M3 India Newsdesk Jan 09, 2022

Dr. NK Hase delivers a masterclass on urinary tract infections (UTIs), exclusive for M3 India members, in this 3-part series. In this first part, he discusses classification, pathogenesis, and microbiological spectrum of UTIs.

Definition of UTI

UTI is defined as an inflammatory response of the uroepithelium starting from the urethra to the kidney to bacterial invasion. It is usually associated with bacteriuria (bacteria in the urine) and pyuria (WBCs in the urine).

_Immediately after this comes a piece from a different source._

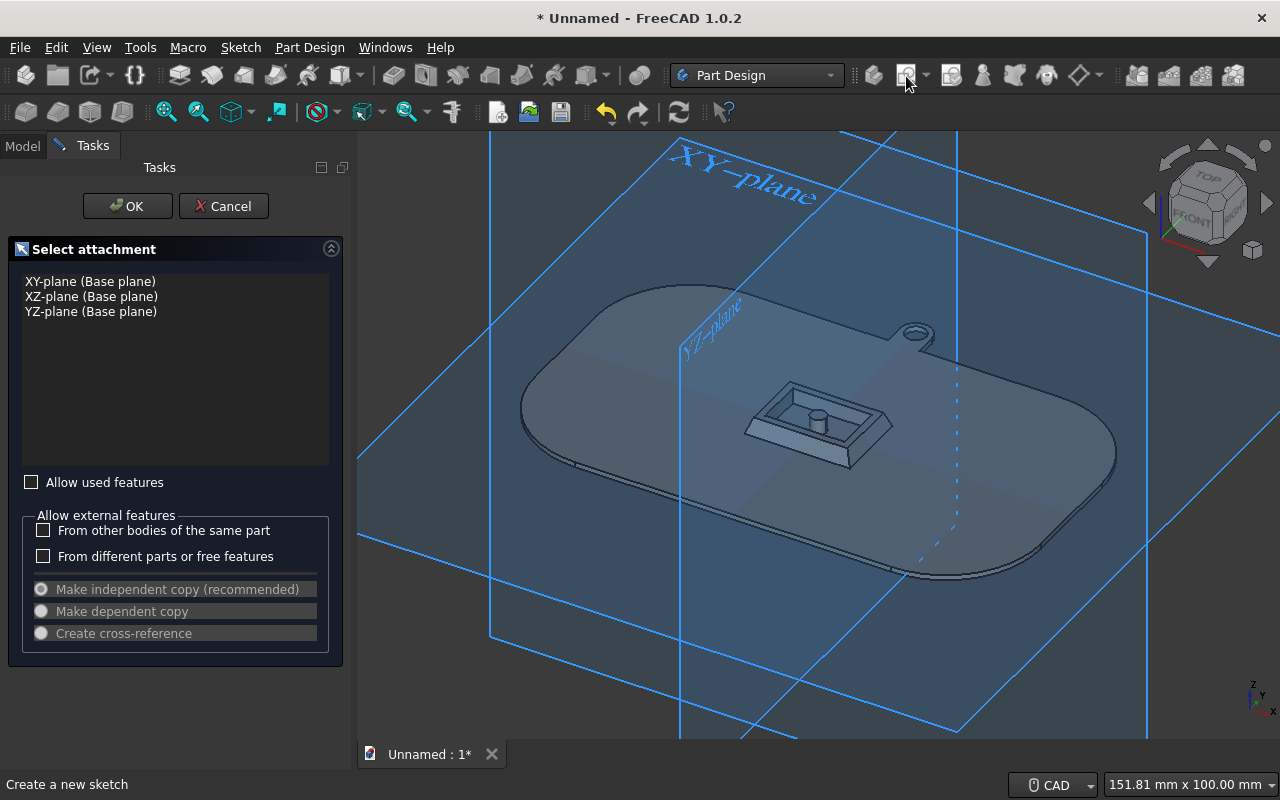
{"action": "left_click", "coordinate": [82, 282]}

  • Bacteriuria without pyuria suggests bacterial colonisation without active infection.
  • Pyuria without bacteriuria is called sterile pyuria; suggests interstitial nephritis, kidney stones, and tuberculosis

Spectrum of UTI may range from asymptomatic bacteriuria to life-threatening tissue infection associated with shock and multiorgan failure.


Magnitude of problem

Urinary tract infections (UTIs) are the second-most commonly diagnosed infectious diseases worldwide in the community as well as healthcare settings. About 150 million people are diagnosed with UTI each year worldwide.

It more commonly occurs in women than in men at ratio 8:1.

  1. Women: Approximately 50 to 60% of women report at least one attack of UTI in their lifetime. The incidence of cystitis in young sexually active women is approximately 0.5 per person per year and recurs in 27 to 44% of healthy women with normal urinary tracts. One in every three women will have had at least one episode of UTI by the age of 24 years. Approximately 10% of post-menopausal women have UTI each year.
  2. Men and childen: UTI is rare and usually associated with structural and functional abnormality of urinary tract needing further investigations.
  3. Elderly: Incidence of UTI increases markedly in elderly. Bacteriuria is found in 21% of women and 12% of men over age of 65 years.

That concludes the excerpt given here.